Reporter involved in Mets incident tells his side of Mickey Callaway exchange
Sunday’s incident in the New York Mets clubhouse — in which manager Mickey Callaway cursed at a beat writer and pitcher Jason Vargas said he would knock out the reporter — has the team all over tabloid back pages for all the wrong reasons and has given people another reason to call for Callaway to be fired.
So how did it all start in the first place? By all accounts, it was Newsday’s Tim Healey telling Callaway he’d see him tomorrow. The manager took that as a sarcastic barb and went off on Healy.
Healy shared his side of the story with Newsday and denied he was being, as Callaway said, “a smart-(expletive).”
“I couldn’t confidently tell you exactly what (Callaway) said, but he said, ‘You know we’re going to be in a bad mood after a loss,’ or something like that. And I tried to tell him, I didn’t mean anything by it. I was just saying I’ll see you tomorrow. And then he said, ‘Get this guy out of here,’ and that got the attention of Jason Vargas.”
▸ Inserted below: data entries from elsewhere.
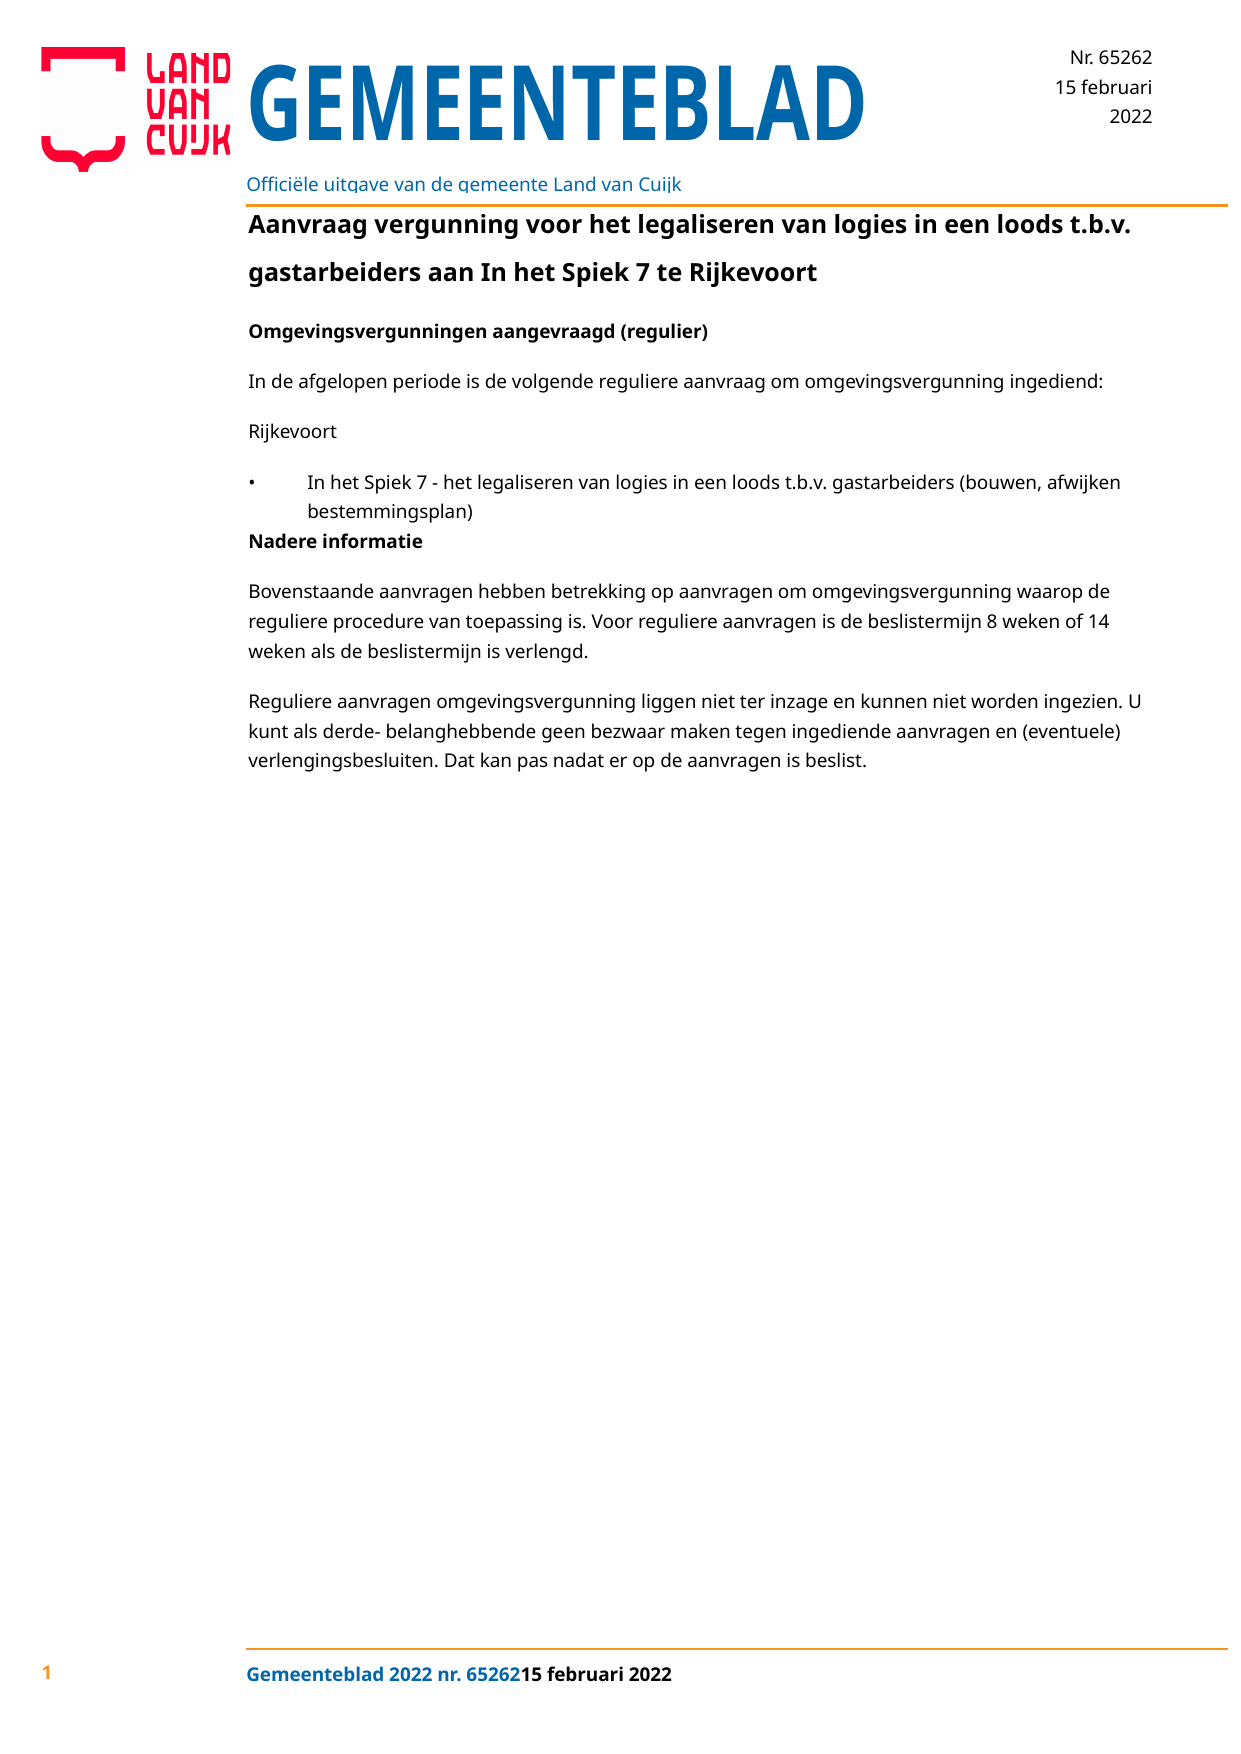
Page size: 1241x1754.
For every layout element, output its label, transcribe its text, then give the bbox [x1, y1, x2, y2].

text Bovenstaande aanvragen hebben betrekking op aanvragen om omgevingsvergunning waarop de reguliere procedure van toepassing is. Voor reguliere aanvragen is de beslistermijn 8 weken of 14 weken als de beslistermijn is verlengd. [248, 579, 1152, 664]
picture [41, 47, 231, 172]
text Reguliere aanvragen omgevingsvergunning liggen niet ter inzage en kunnen niet worden ingezien. U kunt als derde- belanghebbende geen bezwaar maken tegen ingediende aanvragen en (eventuele) verlengingsbesluiten. Dat kan pas nadat er op de aanvragen is beslist. [248, 688, 1152, 773]
text Rijkevoort [248, 419, 1152, 444]
list In het Spiek 7 - het legaliseren van logies in een loods t.b.v. gastarbeiders (bouwen, afwijken bestemmingsplan) [248, 469, 1152, 524]
text In de afgelopen periode is de volgende reguliere aanvraag om omgevingsvergunning ingediend: [248, 368, 1152, 394]
text Nadere informatie [248, 528, 1152, 554]
text Aanvraag vergunning voor het legaliseren van logies in een loods t.b.v. gastarbeiders aan In het Spiek 7 te Rijkevoort [248, 207, 1152, 288]
text Omgevingsvergunningen aangevraagd (regulier) [248, 318, 1152, 344]
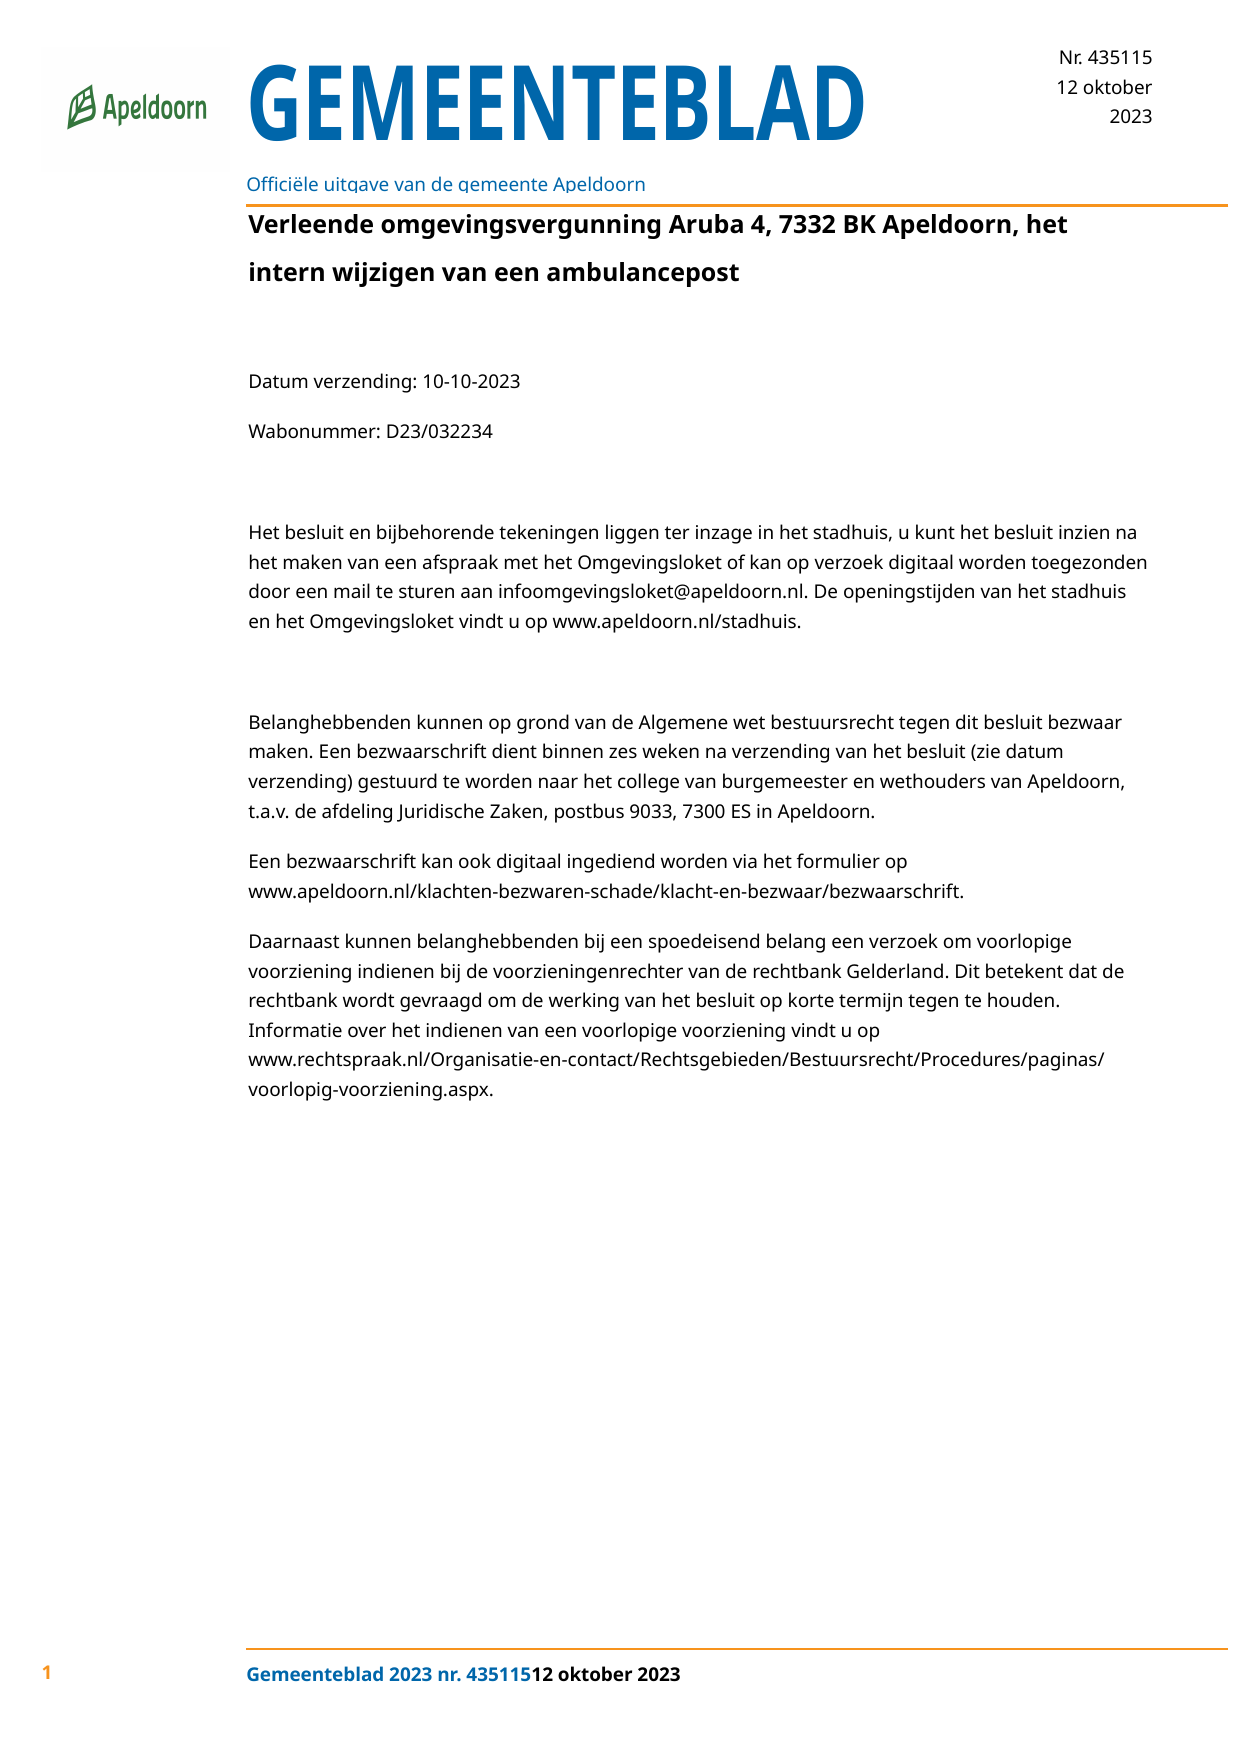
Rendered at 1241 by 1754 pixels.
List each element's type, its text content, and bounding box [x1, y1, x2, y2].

text Een bezwaarschrift kan ook digitaal ingediend worden via het formulier op www.apeldoorn.nl/klachten-bezwaren-schade/klacht-en-bezwaar/bezwaarschrift. [248, 848, 1152, 904]
picture [41, 47, 231, 172]
text Datum verzending: 10-10-2023 [248, 368, 1152, 394]
text Wabonummer: D23/032234 [248, 419, 1152, 444]
text Het besluit en bijbehorende tekeningen liggen ter inzage in het stadhuis, u kunt het besluit inzien na het maken van een afspraak met het Omgevingsloket of kan op verzoek digitaal worden toegezonden door een mail te sturen aan infoomgevingsloket@apeldoorn.nl. De openingstijden van het stadhuis en het Omgevingsloket vindt u op www.apeldoorn.nl/stadhuis. [248, 519, 1152, 634]
text Daarnaast kunnen belanghebbenden bij een spoedeisend belang een verzoek om voorlopige voorziening indienen bij de voorzieningenrechter van de rechtbank Gelderland. Dit betekent dat de rechtbank wordt gevraagd om de werking van het besluit op korte termijn tegen te houden. Informatie over het indienen van een voorlopige voorziening vindt u op www.rechtspraak.nl/Organisatie-en-contact/Rechtsgebieden/Bestuursrecht/Procedures/paginas/voorlopig-voorziening.aspx. [248, 928, 1152, 1102]
text Verleende omgevingsvergunning Aruba 4, 7332 BK Apeldoorn, het intern wijzigen van een ambulancepost [248, 207, 1152, 288]
text Belanghebbenden kunnen op grond van de Algemene wet bestuursrecht tegen dit besluit bezwaar maken. Een bezwaarschrift dient binnen zes weken na verzending van het besluit (zie datum verzending) gestuurd te worden naar het college van burgemeester en wethouders van Apeldoorn, t.a.v. de afdeling Juridische Zaken, postbus 9033, 7300 ES in Apeldoorn. [248, 709, 1152, 824]
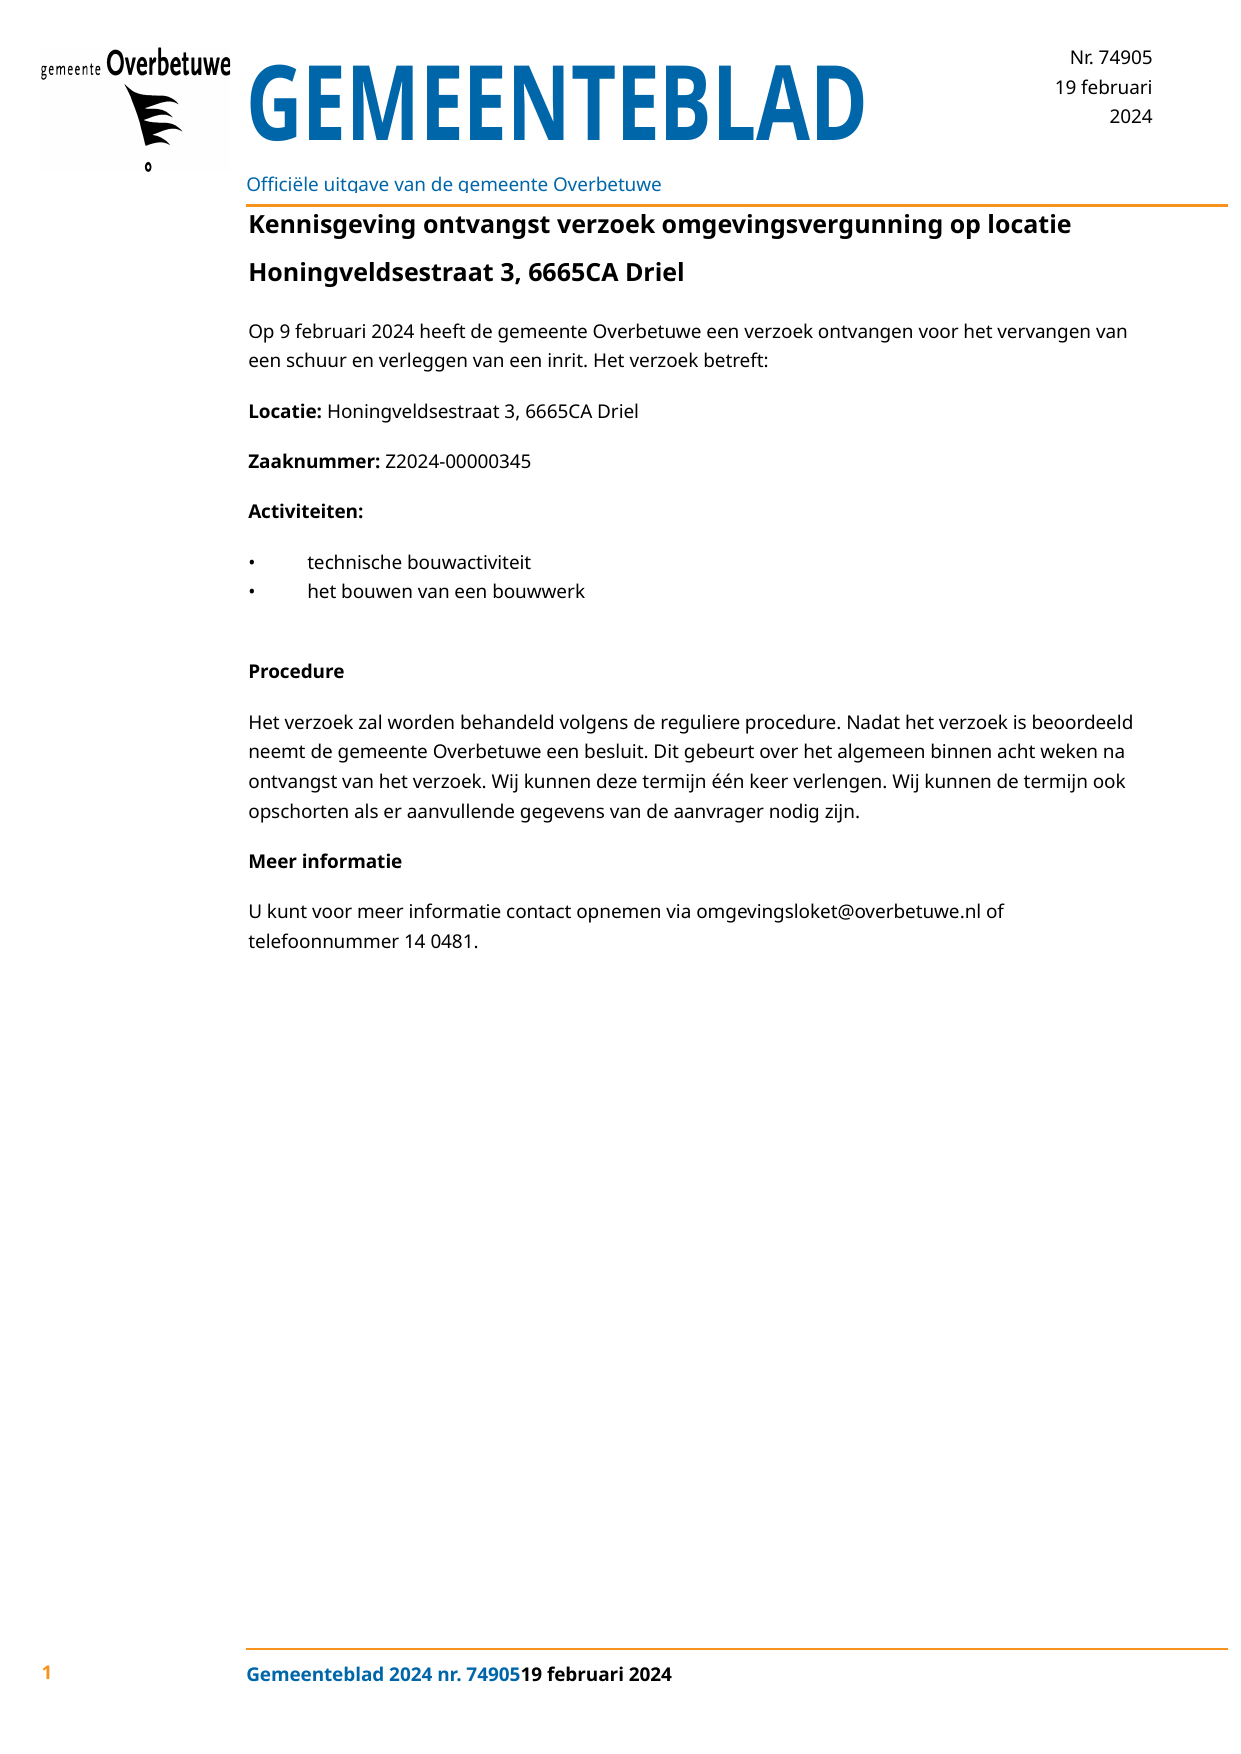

Healy did say he noticed Vargas staring at him while the exchange with Callaway was happening and that he asked “if everything was OK or if there was something he wanted to say.” But some accounts said Vargas “charged” at Healy, which the writer said was perhaps too strong of a word to describe Vargas’s move toward him.
But again: Healy stressed he didn’t mean anything when he told Callaway, “I’ll see you tomorrow.”